Saturday, July 7, 2012

Raspberry Custard Pie

I tagged this recipe maybe last year, maybe the year before and because it was sitting there-- albeit among better pie recipes-- I felt obligated to make it. I have a problem these days with feeling pressure from my self-created recipe file. Ah, well. I made this on the pretense of feeding it to KK, our friend who is coming over for dinner tomorrow. But then the Robber and I couldn't wait and got tempted to eat a piece of it tonight... and well... maybe I will have to make another pie for tomorrow. As for this pie, it's good. It's good. It tastes good. It's simple. It's so easy to make. The raspberry is paired well with the custard. It's a good summer pie.
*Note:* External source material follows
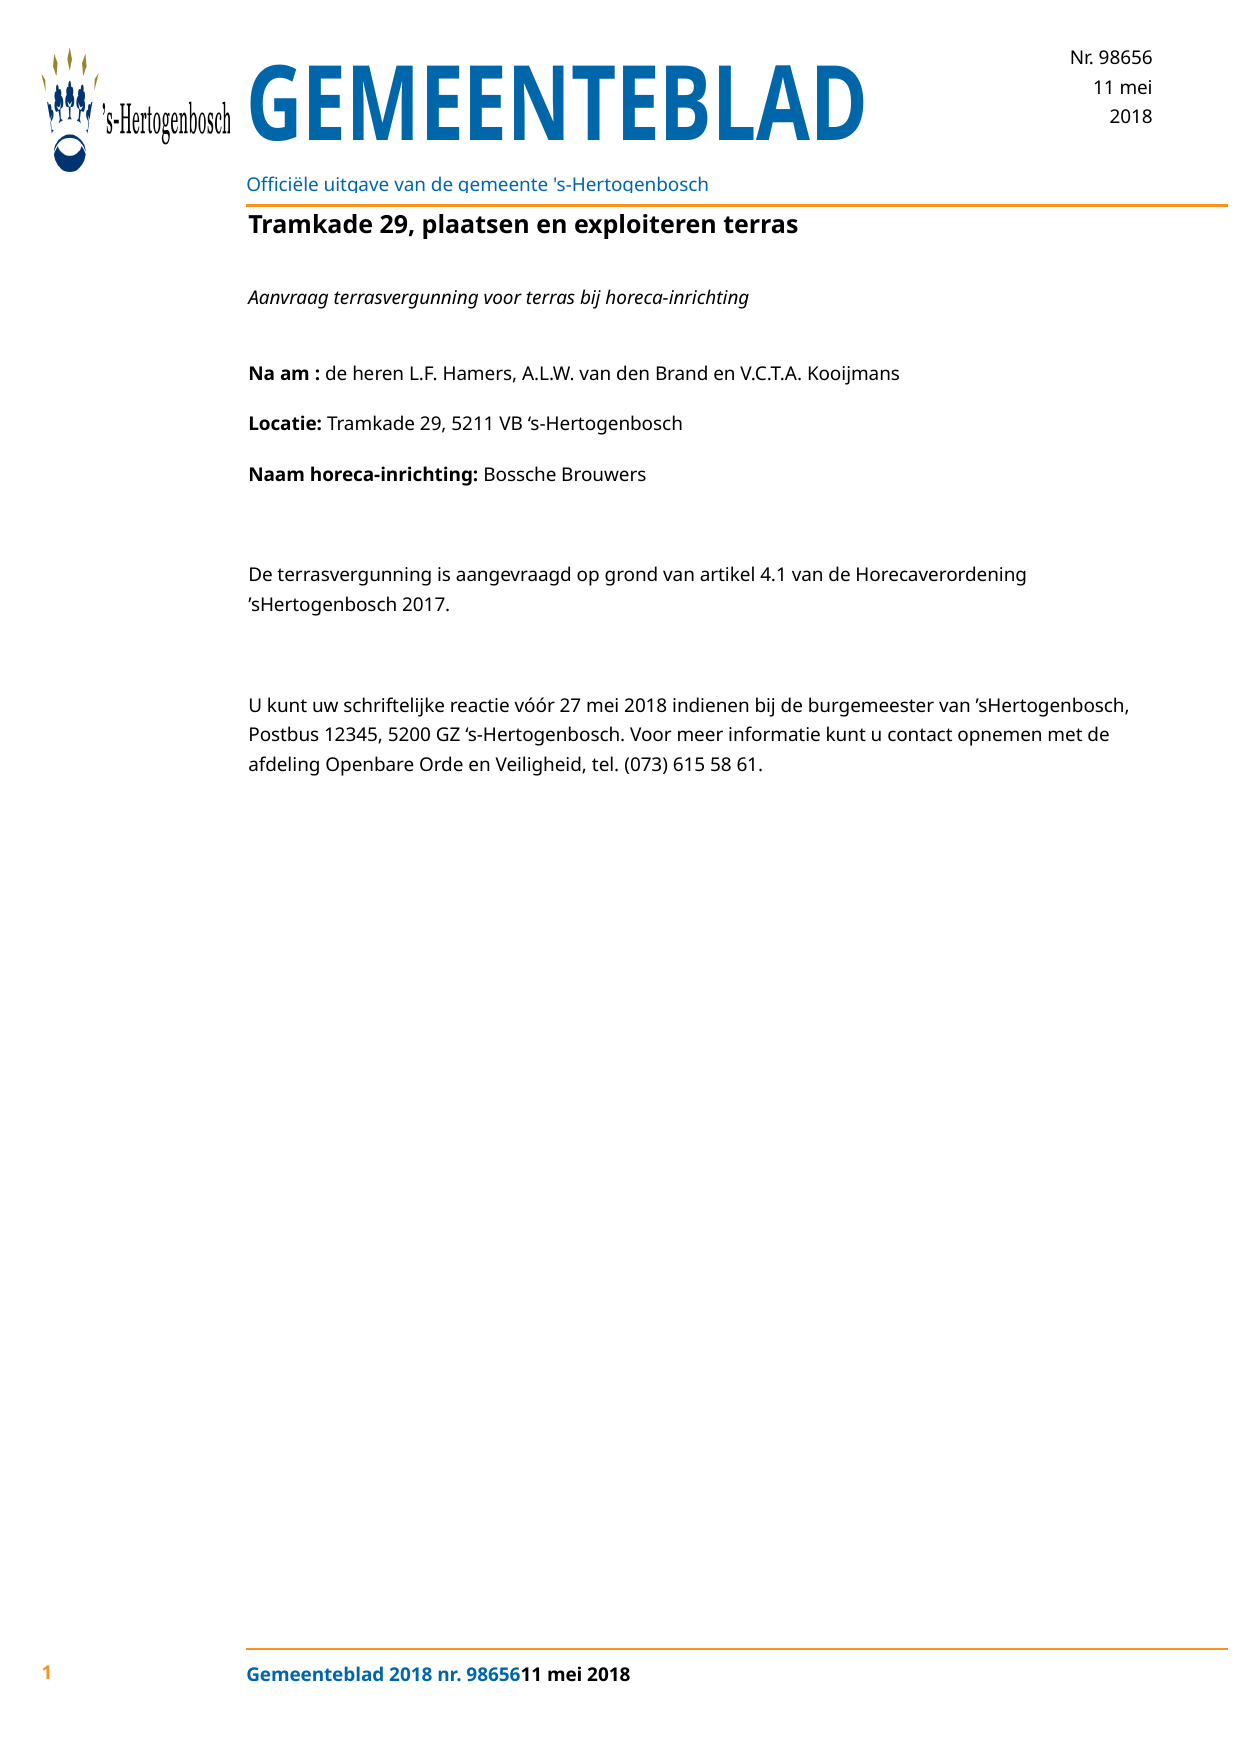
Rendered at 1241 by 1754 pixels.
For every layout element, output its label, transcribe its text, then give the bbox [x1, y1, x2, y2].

But there are better. Ah, but my standards are too high these days. Le sigh.

From Martha Stewart:
http://www.marthastewart.com/343295/raspberry-custard-pie?czone=food/produce-guide-cnt/summer-produce-recipes&backto=true&backtourl=/photogallery/raspberry-recipes#slide_7

Ingredients:

One half pie crust of your choice, baked blind in shallow pie plate

2 T. all-purpose flour, plus more for rolling out crust
3/4 C. sugar, divided
1 large egg, at room temperature
1 C. heavy cream, at room temperature
1 lbs. (3 1/2 C.) fresh raspberries, plus more for garnish
1/4 tsp. salt

Directions:

1. Whisk flour and 1/2 C. sugar in a medium bowl. Add egg and cream, and whisk to combine.
2. In separate bowl, toss raspberries with remaining 1/4 C. sugar and the salt. Allow to stand at least 15 minutes, then drain in colander to remove excess fluid.
3. Spoon berries into pre-baked crust, then pour in cream mixture, filling to just below rim.
4. Bake at 350F until custard is set, but still a bit wobbly in the center (45-60 minutes.) Let cool in a dish on wire rack. Cover and refrigerate at least 2 hours before serving. Serve cold with fresh raspberries.